The Oliver reasoning is not convincing. The question is not whether, but for the throwing away of the objects, the police would have found them in an illegal search. Rather, the question is whether the prior illegality has promoted the disposal, which it most assuredly did. Oliver is an invitation to police to engage in illegal stops.

Professor LaFave states the preferred rule as follows:

Property is not considered abandoned when a person throws away incriminating articles due to the unlawful activities of police officers. Thus, where a person has disposed of property in response to a police effort to make an illegal arrest or illegal search, courts have not hesitated to hold that property inadmissible.

1 LaFave, supra, at 471-72 (2d ed. 1987) (footnotes and quotation marks omitted). The Oliver reasoning is plainly inconsistent with section 12's exclusionary provision, which is intended to discourage lawless police activity. See Terry, 392 U.S. at 12, 88 S.Ct. at 1875 ("Ever since its inception, the rule excluding evidence seized in violation of the Fourth Amendment has been recognized as a principal mode of discouraging lawless police conduct."). Professor LaFave states the obvious:

Incriminating admissions and attempts to dispose of incriminating evidence are common and predictable consequences of illegal arrests and searches, and thus to admit such evidence would encourage such Fourth Amendment violations in future cases.

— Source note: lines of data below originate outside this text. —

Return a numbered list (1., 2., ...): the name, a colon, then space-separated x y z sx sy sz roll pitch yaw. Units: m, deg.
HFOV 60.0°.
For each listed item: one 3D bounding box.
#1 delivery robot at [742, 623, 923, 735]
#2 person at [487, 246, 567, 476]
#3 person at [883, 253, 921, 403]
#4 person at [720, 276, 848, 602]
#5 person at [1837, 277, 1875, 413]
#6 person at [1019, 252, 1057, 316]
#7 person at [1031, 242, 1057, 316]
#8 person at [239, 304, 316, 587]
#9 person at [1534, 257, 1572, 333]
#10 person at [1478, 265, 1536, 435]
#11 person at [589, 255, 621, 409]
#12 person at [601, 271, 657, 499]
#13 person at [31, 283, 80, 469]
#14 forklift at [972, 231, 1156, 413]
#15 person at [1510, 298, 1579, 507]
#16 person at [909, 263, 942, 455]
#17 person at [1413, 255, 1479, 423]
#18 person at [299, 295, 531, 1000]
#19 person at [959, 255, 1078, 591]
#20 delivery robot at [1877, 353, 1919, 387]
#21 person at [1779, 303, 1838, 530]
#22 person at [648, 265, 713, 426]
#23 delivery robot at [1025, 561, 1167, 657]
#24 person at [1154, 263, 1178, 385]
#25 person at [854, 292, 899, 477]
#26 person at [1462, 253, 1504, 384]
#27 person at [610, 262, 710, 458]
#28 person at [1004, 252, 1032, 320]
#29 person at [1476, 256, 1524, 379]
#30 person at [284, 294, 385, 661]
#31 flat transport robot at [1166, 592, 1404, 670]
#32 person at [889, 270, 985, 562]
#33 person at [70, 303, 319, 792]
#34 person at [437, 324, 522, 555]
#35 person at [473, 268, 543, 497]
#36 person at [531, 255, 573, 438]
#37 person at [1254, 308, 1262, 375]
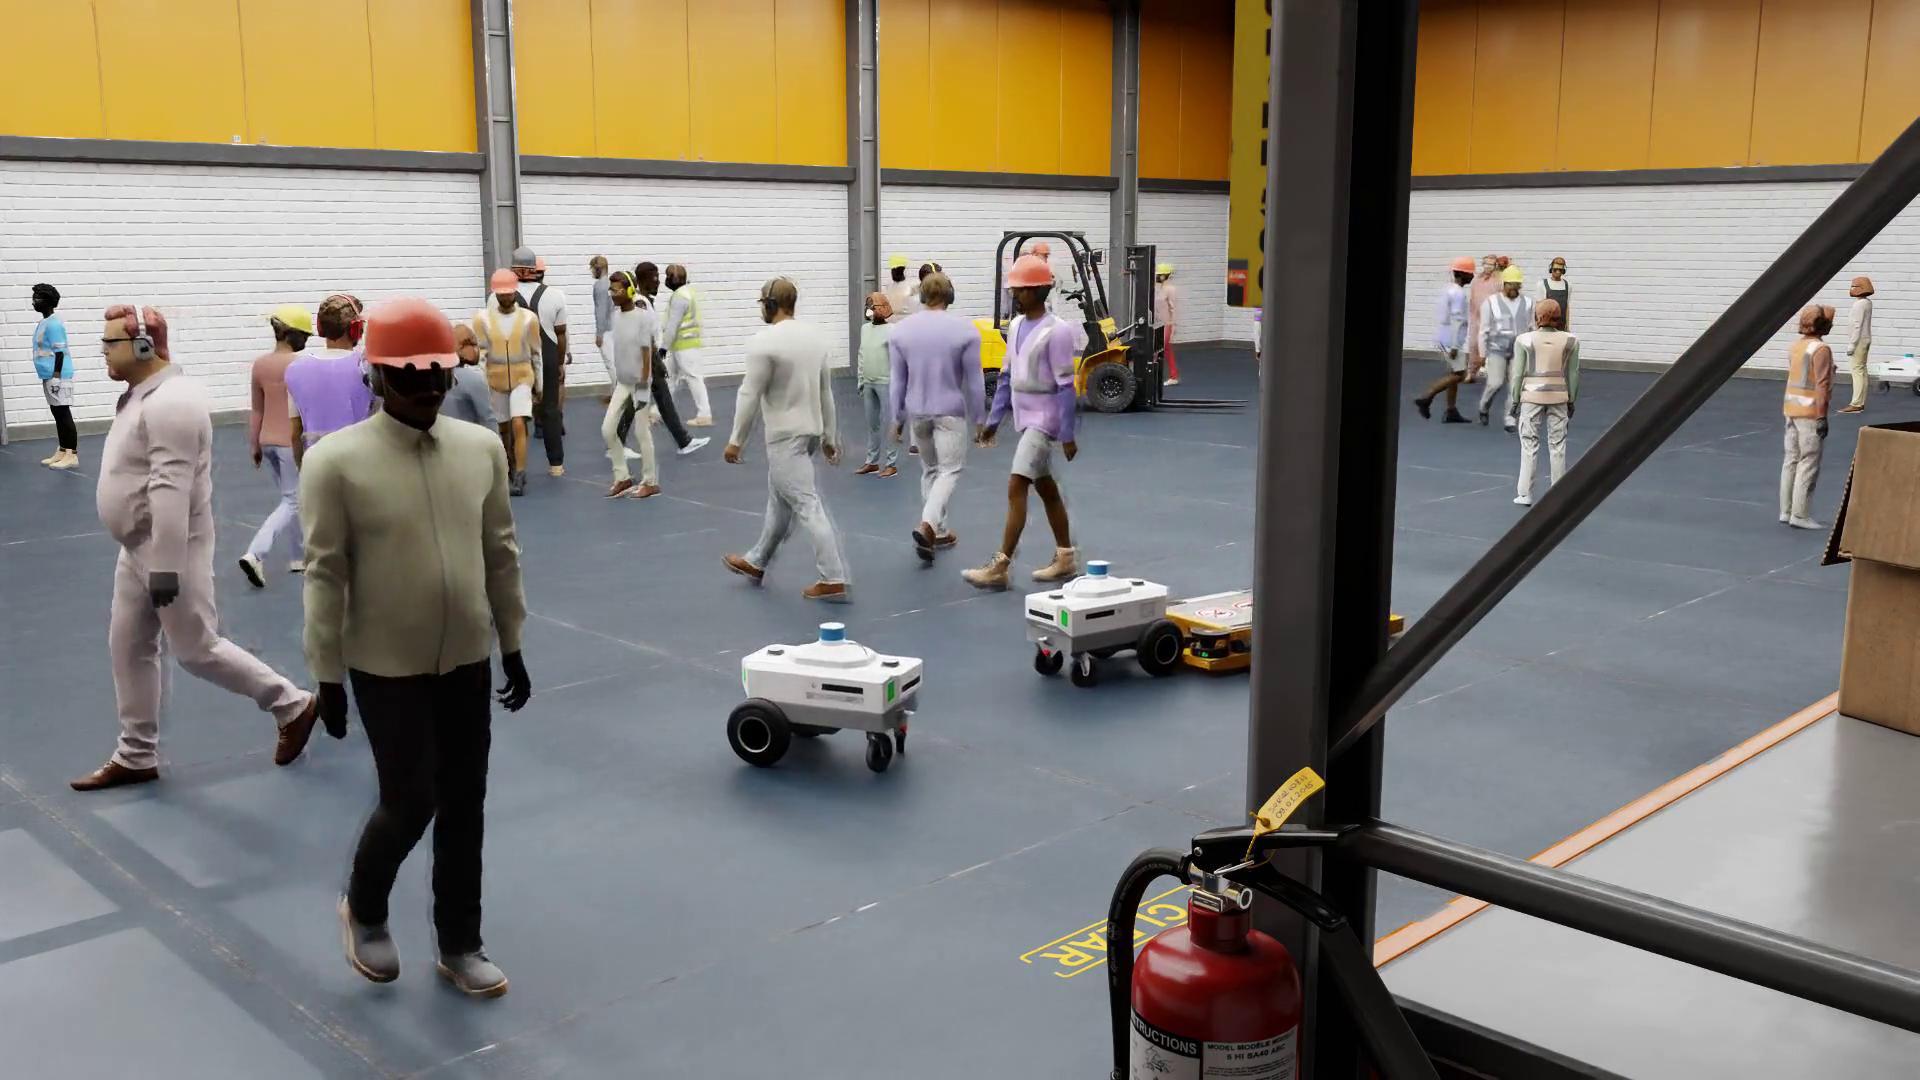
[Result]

4 LaFave, supra, § 11.4(j), at 459-60 (2d ed. 1987). See also United States v. Beck, 602 F.2d 726 (5th Cir.1979).

[20] At the very least the United States Supreme Court is approaching the question of stare decisis on an inconsistent, ad hoc basis. That fact alone shows how feeble and weak-kneed a concept the federal doctrine has become.

[21] For this reason alone, I now believe that a constitutional amendment cannot lawfully purport to limit the scope of constitutional rights based upon future events occurring in some jurisdiction other than Florida. What the Bernie opinion held is no less absurd than finding that the Florida Constitution must be construed in conformity with the Alaska Supreme Court's views of its own constitution, even though Alaska is a state with vastly different problems than Florida. Similarly, the United States Supreme Court is not, and cannot be, concerned with the unique problems of Florida — only with establishing a national minimum standard of constitutional rights that will be as meaningful for Florida as for Alaska and every other American jurisdiction. A very good discussion of this point is made in Heitman v. State, 815 S.W.2d 681 (Tex. Crim. App. 1991).